I've went through 4 refurbs before I finally replaced it with a new model, so the issues I'm talking about is not specific to my particular refurb. This issue is actually pretty common on CRTs, when I turn up the brightness and contrast, fine lines/text would become blurry on light colored backgrounds, horizontal lines would split to two distinct lines! I have to set it at 85/35 for contrast/brightness respectively, to get everything sharpened up. On my new P275, it would be sharp all the way up to 100/45, and even up to 100/55, it would just be marginally blurrier. So the comparison between the P275 and 2001FP will use the much more precise brand new P275.

I've never really thought about switching to LCD for serveral reasons. First, the prohibitive price they usually carry. Second, the fact that they are restricted to their native resolution, or else using a non native resolution would result in a blurry image, which is a huge detriment to games and videos.
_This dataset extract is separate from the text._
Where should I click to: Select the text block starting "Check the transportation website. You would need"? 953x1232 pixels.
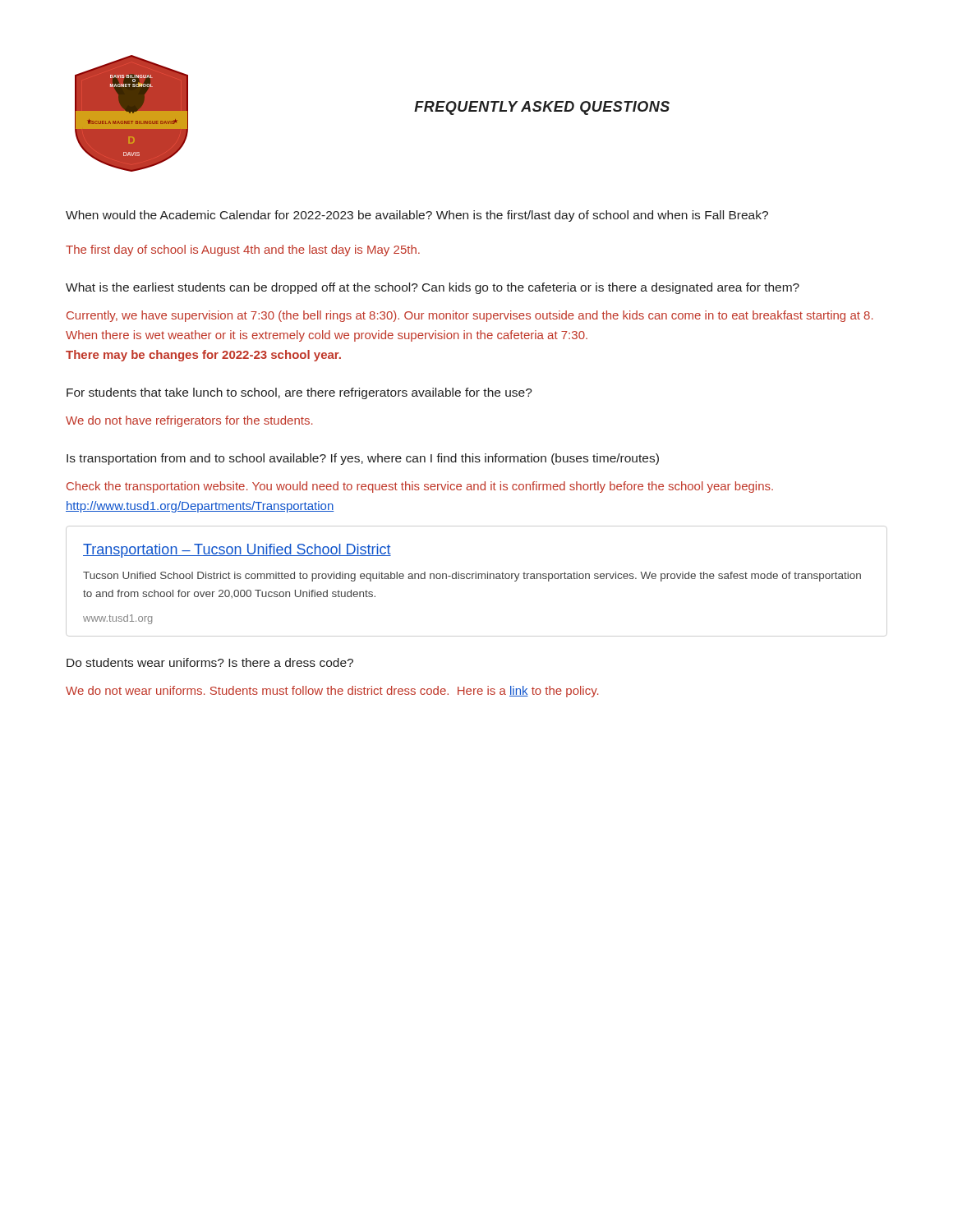coord(420,496)

Although the 2001FP have been offered now at great prices. I got mine for $640 brand new from a member on AT Classifieds after I sold my P275 for $600. My love for games has lusted off in the past few months, so the native resolution problem isnt such a big deal for me anymore.

I received my 2001FP on Wednesday. First thing I noticed after I hooked it up, DVI-D to my 5900 at 1024x768, the non native resolution was very blurry just as anticipated. I set it to the native resolution, 1600x1200, and everything turned razor pixel for pixel sharp. But you can almost say it was too sharp, there is a clear distinction between each pixel, due to the thick black border between each pixel, so it makes the picture very grainy. The colors seem a tad dithered, despite Dells claims that this is a true 24-bit LCD. This is definitely not a problem with LCDs in general, because I own two other 15" LCDs, a BenQ and a Sony, and both doesn't have this problem. So this is a design flaw on Dell's part(or LG Philips since they are the one that made the monitor). Its not noticeable when I sit 2ft away from the monitor, but when I want to get a close look at a few pictures(for photoshop, not pr0n you pervs:evil: ), it becomes a large nuisance.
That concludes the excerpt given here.